Linux – How to prevent ip spoofing within iptables

apache-2.2iptableslinuxspoofing

My Apache web-server on Linux is being flooded by massive requests for a non-existent file. The immediate impact is the rapid growth of the access & error log. I already took care of this by not logging these requests (if it matched the particular string.). We're talking about 40 to 50 requests per second from multiple IP addreses (for the same file).

I initially thought about it being a botnet but I believe it's some script-kiddie spoofing the source ip. I'm running iptables on the server and I was wondering, how these packets reached the application layer (the HTTP server) bypassing the TCP/IP initial handshake?
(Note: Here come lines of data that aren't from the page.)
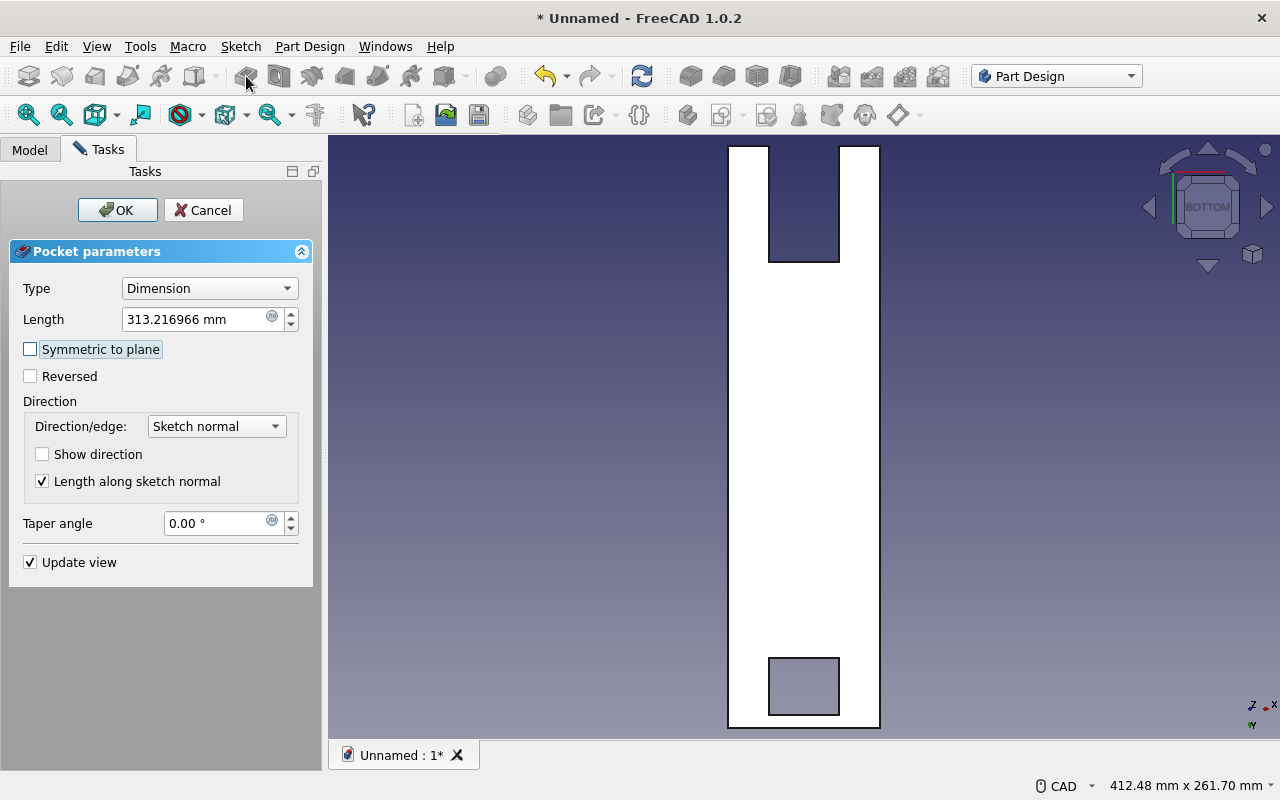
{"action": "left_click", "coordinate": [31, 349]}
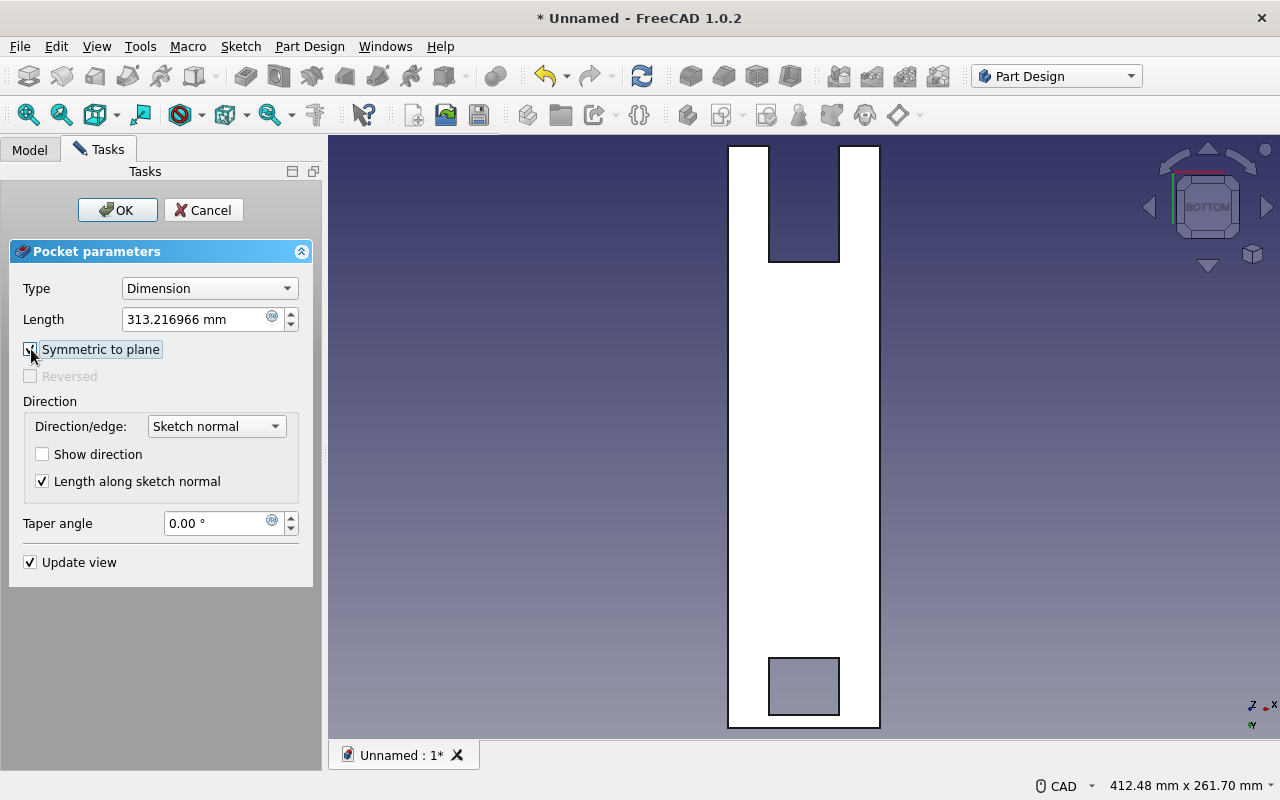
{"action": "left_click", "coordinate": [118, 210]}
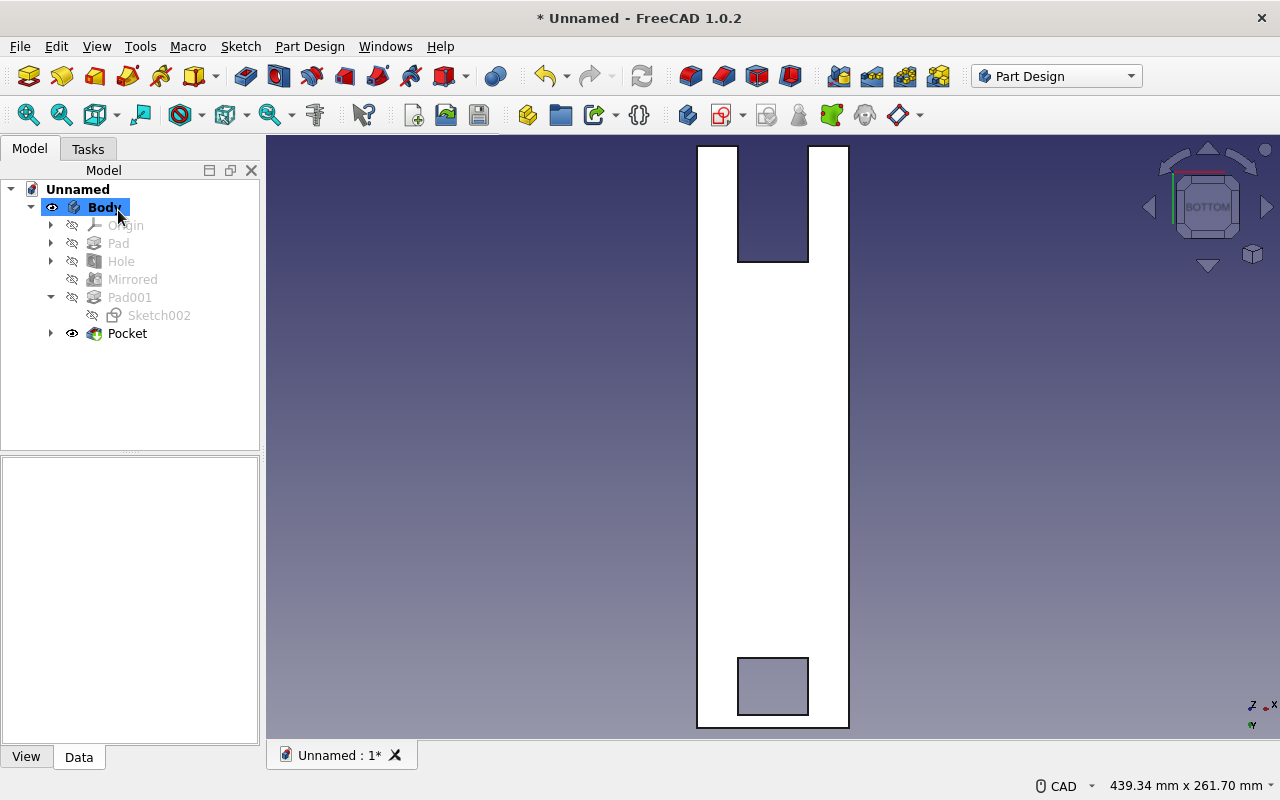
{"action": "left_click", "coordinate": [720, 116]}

If I have:

--Default Policy for INPUT chain is to DROP
<snip>
iptables -A INPUT -m state --state RELATED,ESTABLISHED -j ACCEPT
<...>
<snip>
iptables -A INPUT -p tcp -m state --state NEW -m tcp --dport 80 -j ACCEPT

…shouldn't the SYN/ACK my server responds – after an initial connection request- be sent to the spoofed ip? And therefore lost? And if packets are crafted , as to appear to be from an established connection, shouldn'the state-tracking mechanism of netfilter handle this (via the RELATED,ESTABLISHED line above) and recognize them as not part of an established session and therefore DROPPING them (via the default policy: DROP)?

Thanks in advance,
Craconia

p.d. the requests are coming from valid internet addreses.

Best Answer

Even if they spoof the source IP the SYN/ACK TCP handshake is required before a connection can be made to Apache. This efficiently prevents a spoofed TCP connection. So, you can be pretty sure all connections are made from the IP addresses you can see in the logs.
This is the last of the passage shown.